Exercise
Repeat only the lines below from the one containing "Offer a terse response. 1.14e+04." through the one containing "1991 to that in 1994?", inclusive, exactly as written.

Available data
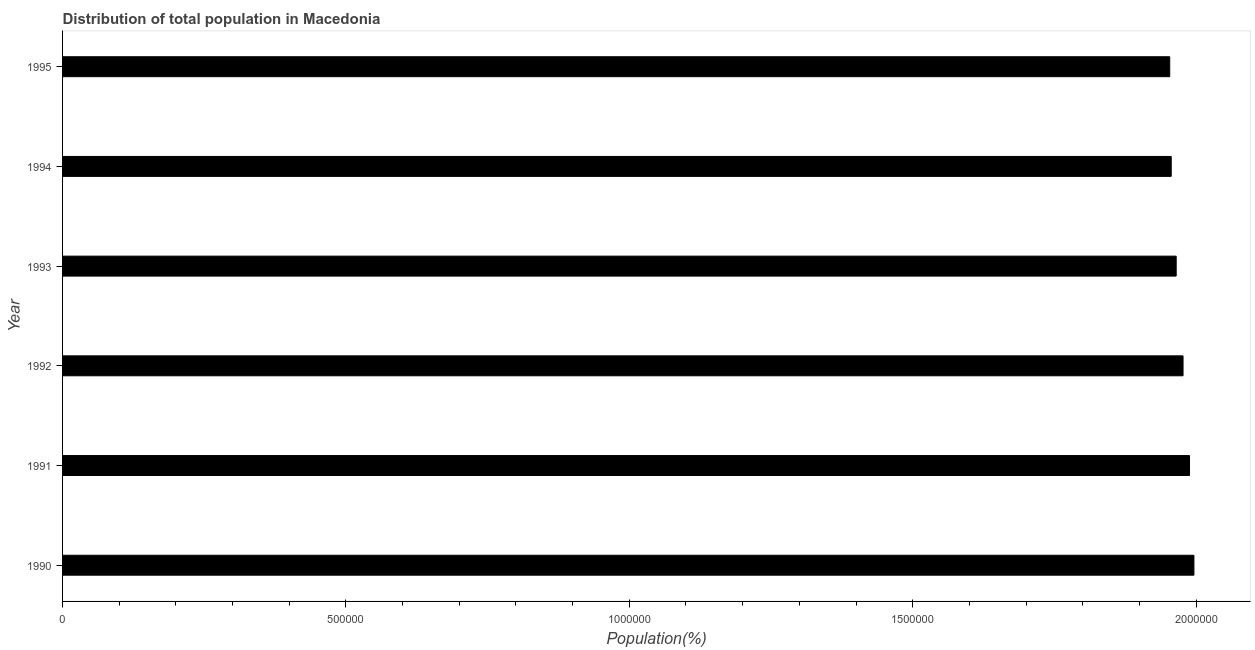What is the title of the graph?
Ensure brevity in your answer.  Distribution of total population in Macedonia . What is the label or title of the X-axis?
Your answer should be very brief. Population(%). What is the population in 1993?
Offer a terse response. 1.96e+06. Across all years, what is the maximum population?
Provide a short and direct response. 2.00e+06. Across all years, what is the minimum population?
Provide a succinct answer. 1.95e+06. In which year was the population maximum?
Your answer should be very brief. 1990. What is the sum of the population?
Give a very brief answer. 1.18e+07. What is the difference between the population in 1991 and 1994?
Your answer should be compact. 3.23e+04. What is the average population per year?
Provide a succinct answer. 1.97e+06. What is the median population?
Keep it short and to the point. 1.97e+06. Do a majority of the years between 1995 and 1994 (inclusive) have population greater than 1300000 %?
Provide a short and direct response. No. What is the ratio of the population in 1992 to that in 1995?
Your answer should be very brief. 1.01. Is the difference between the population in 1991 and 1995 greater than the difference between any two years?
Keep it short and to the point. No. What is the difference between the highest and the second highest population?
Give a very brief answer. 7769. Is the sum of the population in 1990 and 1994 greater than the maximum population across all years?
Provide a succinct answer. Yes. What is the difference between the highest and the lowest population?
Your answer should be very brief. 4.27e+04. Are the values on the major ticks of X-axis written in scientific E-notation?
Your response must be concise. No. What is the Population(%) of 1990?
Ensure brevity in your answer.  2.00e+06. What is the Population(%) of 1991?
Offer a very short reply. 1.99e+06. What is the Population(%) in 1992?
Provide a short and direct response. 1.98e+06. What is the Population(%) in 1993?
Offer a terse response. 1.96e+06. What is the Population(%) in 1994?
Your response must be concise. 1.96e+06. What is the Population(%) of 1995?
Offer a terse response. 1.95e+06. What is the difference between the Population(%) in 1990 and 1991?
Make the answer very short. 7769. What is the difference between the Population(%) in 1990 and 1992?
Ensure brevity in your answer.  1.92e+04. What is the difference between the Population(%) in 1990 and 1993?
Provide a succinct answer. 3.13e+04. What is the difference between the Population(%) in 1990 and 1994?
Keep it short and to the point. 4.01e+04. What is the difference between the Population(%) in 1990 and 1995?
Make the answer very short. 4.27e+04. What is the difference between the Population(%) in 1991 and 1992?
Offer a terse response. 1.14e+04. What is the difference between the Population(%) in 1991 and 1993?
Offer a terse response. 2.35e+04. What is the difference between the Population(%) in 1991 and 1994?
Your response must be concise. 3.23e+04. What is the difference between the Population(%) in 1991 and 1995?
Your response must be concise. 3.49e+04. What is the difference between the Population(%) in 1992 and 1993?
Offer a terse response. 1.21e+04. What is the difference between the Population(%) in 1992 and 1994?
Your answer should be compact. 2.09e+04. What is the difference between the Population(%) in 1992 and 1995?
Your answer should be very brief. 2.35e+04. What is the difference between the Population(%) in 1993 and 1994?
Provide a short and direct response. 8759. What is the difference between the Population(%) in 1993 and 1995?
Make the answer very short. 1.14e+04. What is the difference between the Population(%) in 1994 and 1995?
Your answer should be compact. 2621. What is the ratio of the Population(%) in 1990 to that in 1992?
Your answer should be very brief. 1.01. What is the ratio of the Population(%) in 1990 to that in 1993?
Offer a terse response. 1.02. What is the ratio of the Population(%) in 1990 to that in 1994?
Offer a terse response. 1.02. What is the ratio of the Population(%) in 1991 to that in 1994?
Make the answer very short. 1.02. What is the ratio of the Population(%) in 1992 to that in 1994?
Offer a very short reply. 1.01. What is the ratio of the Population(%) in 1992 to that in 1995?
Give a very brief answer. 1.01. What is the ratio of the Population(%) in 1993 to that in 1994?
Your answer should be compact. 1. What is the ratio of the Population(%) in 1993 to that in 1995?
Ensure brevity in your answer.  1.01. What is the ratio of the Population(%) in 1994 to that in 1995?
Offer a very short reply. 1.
...
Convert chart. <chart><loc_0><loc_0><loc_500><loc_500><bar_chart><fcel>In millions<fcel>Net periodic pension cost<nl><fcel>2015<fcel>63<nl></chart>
---
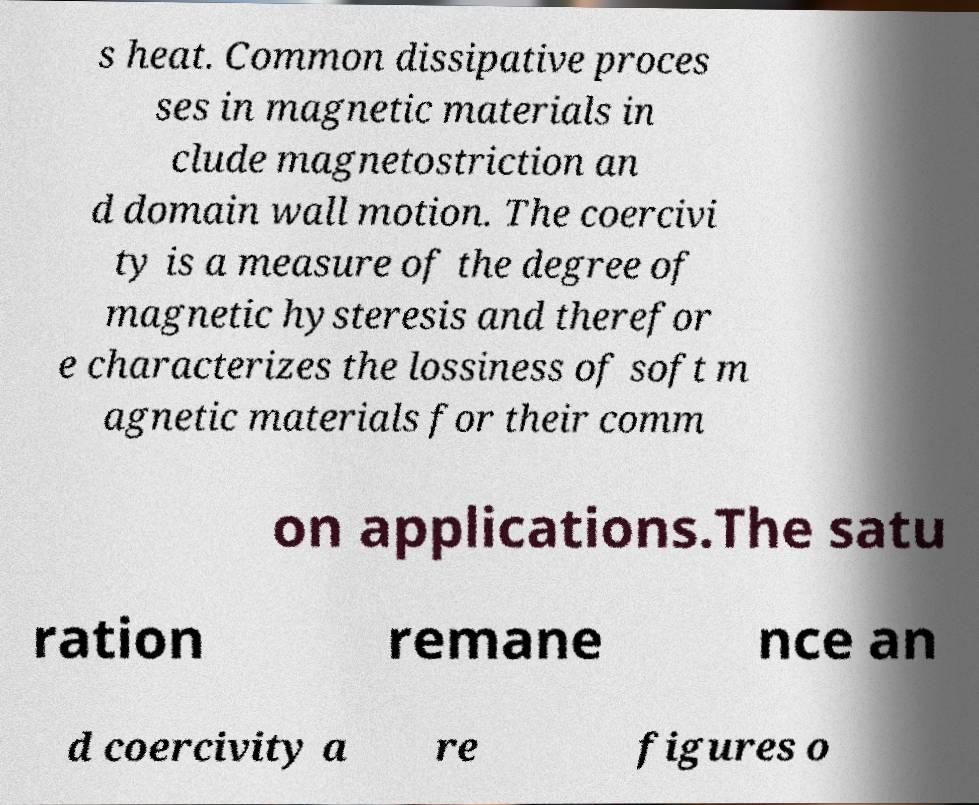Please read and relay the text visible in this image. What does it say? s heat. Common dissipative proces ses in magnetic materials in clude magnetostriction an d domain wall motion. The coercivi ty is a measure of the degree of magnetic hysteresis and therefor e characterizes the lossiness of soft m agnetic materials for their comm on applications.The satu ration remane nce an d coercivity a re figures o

Expected output
Offer a terse response. 1.14e+04. What is the difference between the Population(%) in 1991 and 1993?
Offer a terse response. 2.35e+04. What is the difference between the Population(%) in 1991 and 1994?
Your response must be concise. 3.23e+04. What is the difference between the Population(%) in 1991 and 1995?
Your response must be concise. 3.49e+04. What is the difference between the Population(%) in 1992 and 1993?
Offer a terse response. 1.21e+04. What is the difference between the Population(%) in 1992 and 1994?
Your answer should be compact. 2.09e+04. What is the difference between the Population(%) in 1992 and 1995?
Your answer should be very brief. 2.35e+04. What is the difference between the Population(%) in 1993 and 1994?
Provide a short and direct response. 8759. What is the difference between the Population(%) in 1993 and 1995?
Make the answer very short. 1.14e+04. What is the difference between the Population(%) in 1994 and 1995?
Your answer should be compact. 2621. What is the ratio of the Population(%) in 1990 to that in 1992?
Your answer should be very brief. 1.01. What is the ratio of the Population(%) in 1990 to that in 1993?
Offer a terse response. 1.02. What is the ratio of the Population(%) in 1990 to that in 1994?
Offer a terse response. 1.02. What is the ratio of the Population(%) in 1991 to that in 1994?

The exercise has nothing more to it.